I have been reading that there are various tax laws that prevent one from doing things like locking in one's short term gains on a stock by purchasing (or selling) options, or resetting one's cost basis by selling and repurchasing a stock. Does this also apply if one of the accounts is tax sheltered and the other is not?

For instance, suppose I purchase a stock in an IRA and it appreciates in value. I then sell the stock but immediately repurchase it at about the same price in a non-tax sheltered accounts. Does this effectively reset my cost basis so I don't have any tax on the original gain since all the gains were in the IRA? What if it was a wash sale where I sold in my regular account and re-bought in the IRA?

Likewise, suppose I buy a stock and it skyrockets, but I'm concerned about it crashing before I can hold it for a year. If I sell immediately I could incur substantial taxes because it would count as ordinary income. If I sell options against it to lock in the gain it also counts as ordinary income even if the options are long term.. But what if I hedged the stock by selling options in an IRA account and the stock crashes. Does this bypass the taxes because the gains were in a tax sheltered account?

Even if I used two non-sheltered accounts this would apply, but does it make any difference if one of the accounts is tax sheltered?

Assume that in both cases the IRA is a Roth IRA, so I effectively pay no taxes on the gains, even when withdrawing.

3 Answers 3


What if it was a wash sale where I sold in my regular account and re-bought in the IRA?

You can't harvest loss. From https://www.investopedia.com/articles/retirement/09/ira-wash-sale-rule.asp (mirror):

In 2008, the IRS issued "Revenue Ruling 2008-5," in which it addressed the question of whether the wash-sale rules apply to IRAs. In the ruling, the IRS explained that when shares are sold in a non-retirement account and substantially identical shares are purchased in an IRA within 30 days, the investor cannot claim tax losses for the sale, and the basis in the individual's IRA is not increased.


You can't sell options to lock in gains and protect the principal. In practical terms, you can hedge some of the risk with option selling but not all of the principal.

There is no prohibition against protecting gains with short options or locking in gains with long options.

The only limitation is what types of trading are allowed in your retirement account (for example, you can't sell naked options).

There may be tax consequences for various types of trading. For example, selling non qualified covered calls changes the holding period of the stock.

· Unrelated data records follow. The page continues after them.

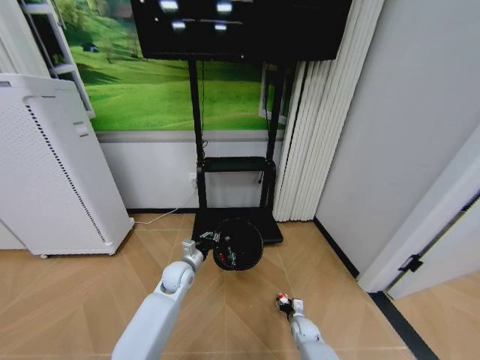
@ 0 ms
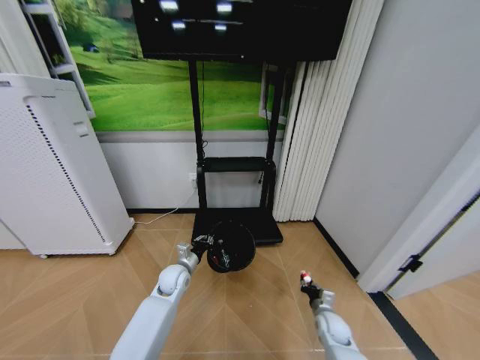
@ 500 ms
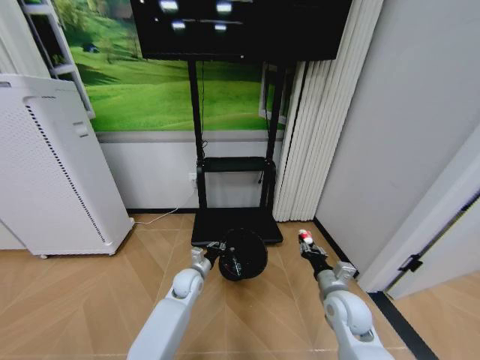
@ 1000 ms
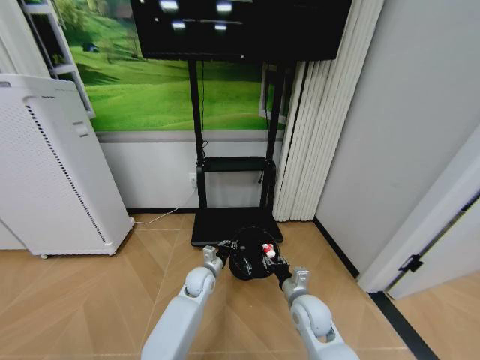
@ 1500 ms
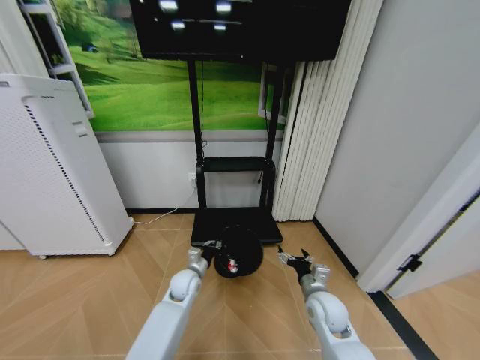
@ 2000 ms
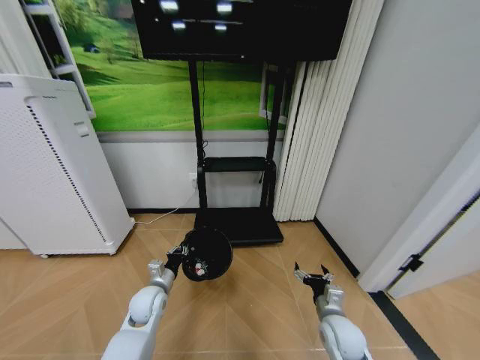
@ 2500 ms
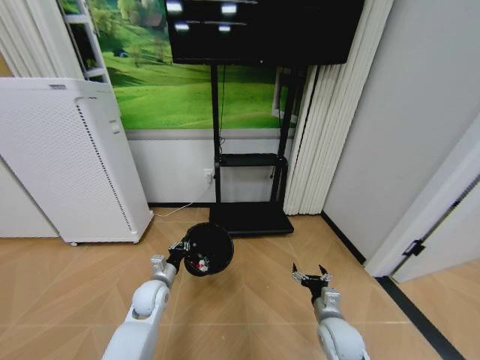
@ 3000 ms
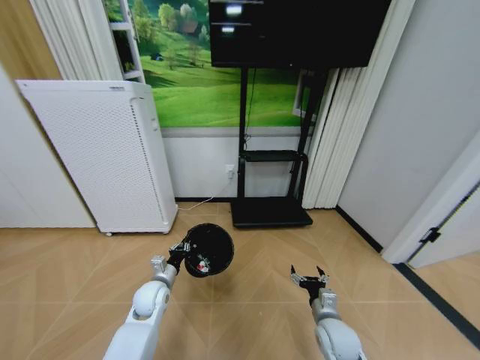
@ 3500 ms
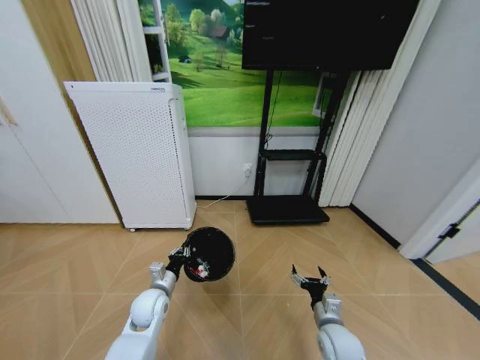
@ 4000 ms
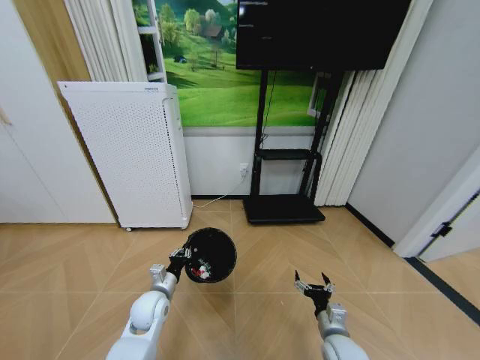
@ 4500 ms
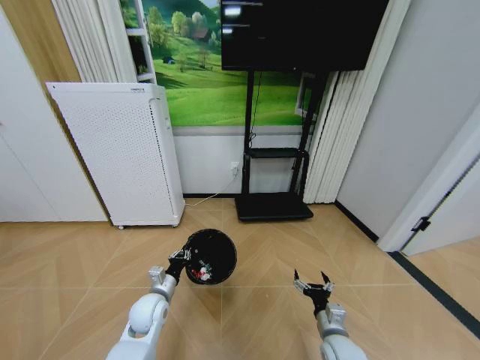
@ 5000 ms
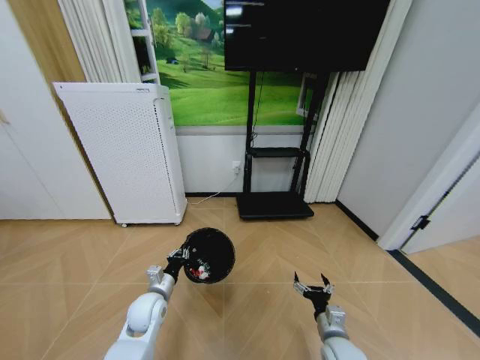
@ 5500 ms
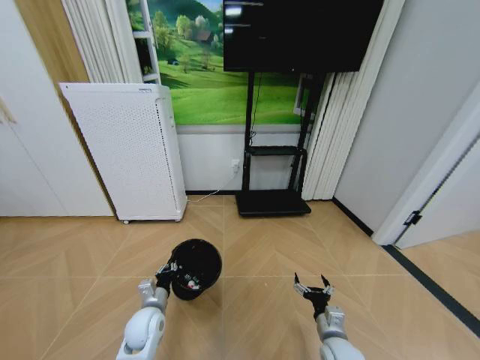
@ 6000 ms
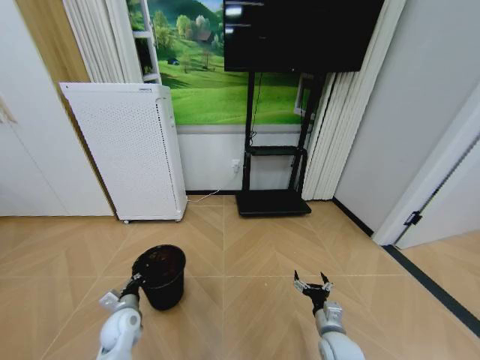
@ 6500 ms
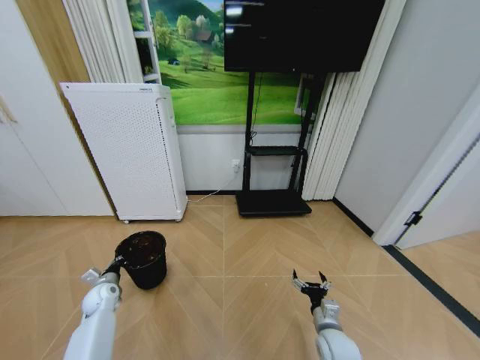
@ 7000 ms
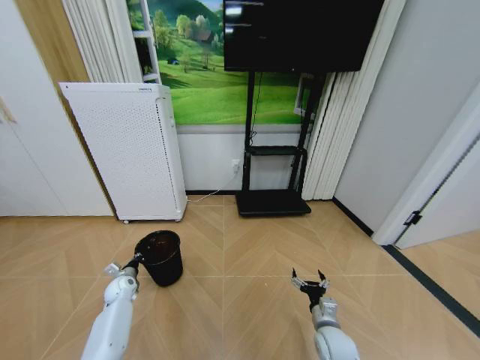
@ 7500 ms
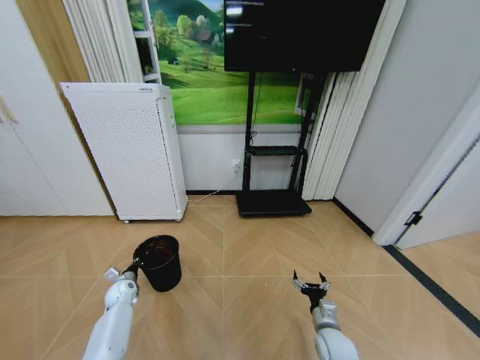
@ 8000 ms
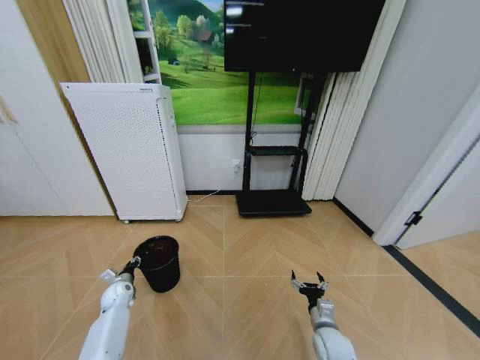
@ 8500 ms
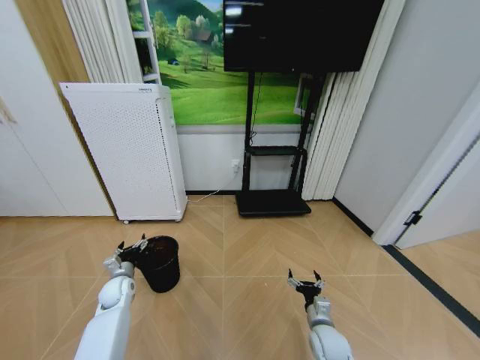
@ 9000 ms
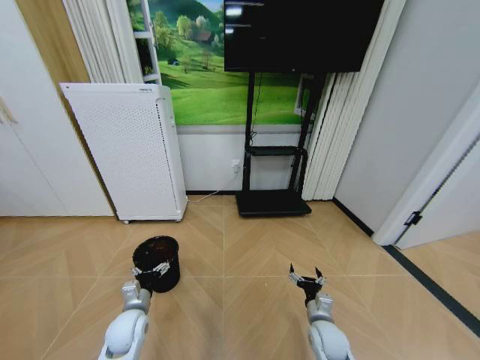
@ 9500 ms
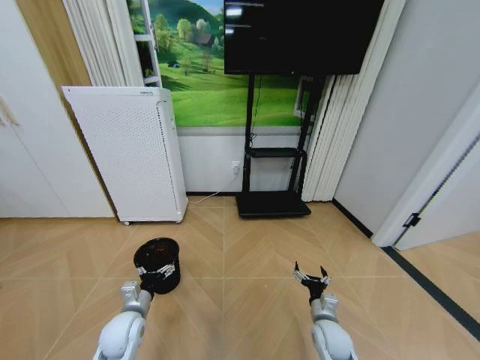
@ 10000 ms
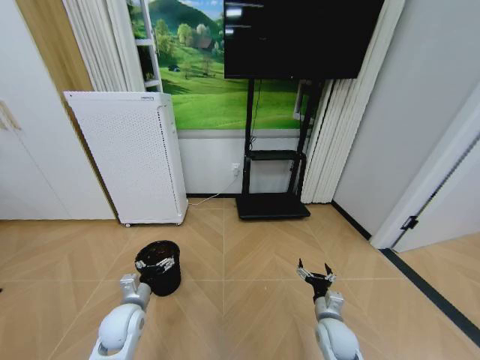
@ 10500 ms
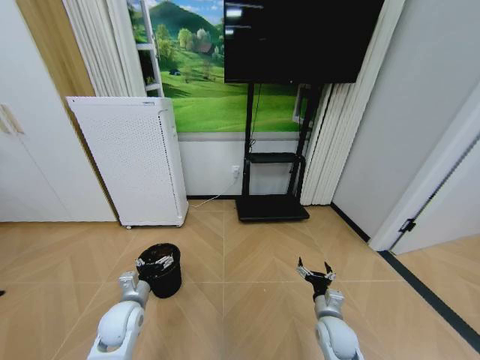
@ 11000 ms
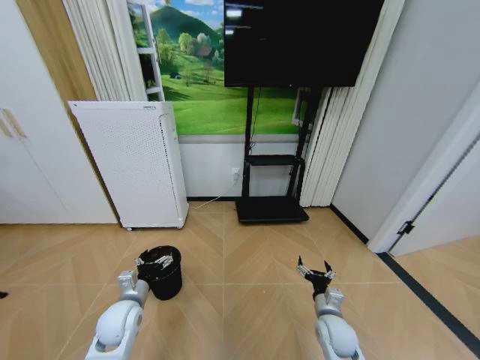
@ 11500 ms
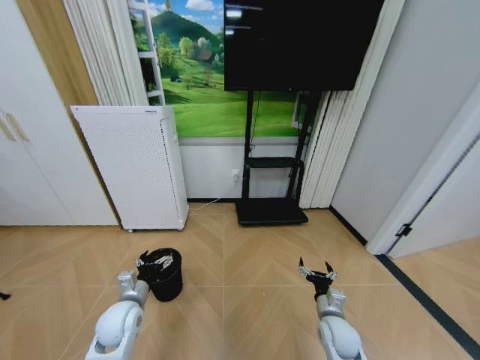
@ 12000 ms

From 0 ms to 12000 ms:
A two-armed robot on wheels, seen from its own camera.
Task of the whole recording: Pick up the trash bin and place the garbage on the floor into it.
From 0 ms to 2000 ms: The left gripper moves to the right, approximately 5 cm. Meanwhile the right gripper heads upward, covering approximately 25 cm, and closes, then opens again.
From 2000 ms to 4000 ms: The right gripper is displaced downward and backward by roughly 10 cm; the left gripper moves to the left and backward, roughly 15 cm.
From 6000 ms to 8000 ms: The left gripper goes roughly 20 cm to the left, forward and downward.
From 8000 ms to 10000 ms: The left gripper goes about 20 cm backward, to the right and upward, and opens its fingers.
From 10000 ms to 12000 ms: The grippers stay close to where they were, moving slightly.

If you want to reset cost basis by moving a position from sheltered to non sheltered or vice versa, the IRS has no issue with gains. However, you will owe taxes on those gains either now (non sheltered) or later when you begin making withdrawals (sheltered).

Where you can get into trouble is wash sales (see Frank's answer).

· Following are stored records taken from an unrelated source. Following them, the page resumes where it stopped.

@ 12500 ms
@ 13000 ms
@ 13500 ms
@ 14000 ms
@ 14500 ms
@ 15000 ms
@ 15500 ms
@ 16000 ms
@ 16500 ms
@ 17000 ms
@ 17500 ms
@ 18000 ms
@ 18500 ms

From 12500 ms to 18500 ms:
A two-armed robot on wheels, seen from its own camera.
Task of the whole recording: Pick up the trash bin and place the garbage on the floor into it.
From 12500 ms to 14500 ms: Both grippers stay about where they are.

The short answer is that you cannot avoid taxes on capital gains. You pay them now or you pay them later.

  • 1
    Some of what you are saying is confusing me... you said I will owe taxes on the gain when I begin making withdrawals (sheltered) but isn't a Roth IRA not taxed on withdrawals of gains? And you say you can't sell options to lock in gains, then say there is no prohibition on it, then say there may be tax consequences. The tax consequences are exactly what I'm looking for references to - for instance, I can't sell a covered call from a sheltered account on a stock in a non-sheltered because my broker would treat it as naked... (cont)
    – user12515
    Feb 4, 2021 at 16:49
  • ...but if I bought a put it's not clear to me if the sheltered nature of the account would prevent it from "co-mingling" for tax purposes, or if the fact that it's a separate account of different tax status would prevent this, just like it would prevent me from writing the calls.
    – user12515
    Feb 4, 2021 at 16:50
  • Tie my first 3 paragraphs together. Then see paragraph #3: `The only limitation is what types of trading are allowed in your retirement account (for example, you can't sell naked options). That's why you can't sell a naked call in your retirement account, for any reason. Feb 4, 2021 at 17:01
  • 1
    In the early part your question you stated IRA not Roth IRA so take my answer as applicable to a traditional IRA. If you are placing trades in two separate accounts then those trades are separate as is the taxation. No comingling. Suppose you own stock in a traditional IRA and you buy protective puts in your regular account. Gains on the IRA will be paid when you make withdrawals. Gains and loss in your regular account will go on the tax return of the year the trade is closed. Feb 4, 2021 at 17:02

It is legal and I have done it to sell a stock for a profit and the same day buy the stock back. This will reset the cost basis. It will also generate a tax liability. The wash rule does not apply in this case because you sold it stock at a gain.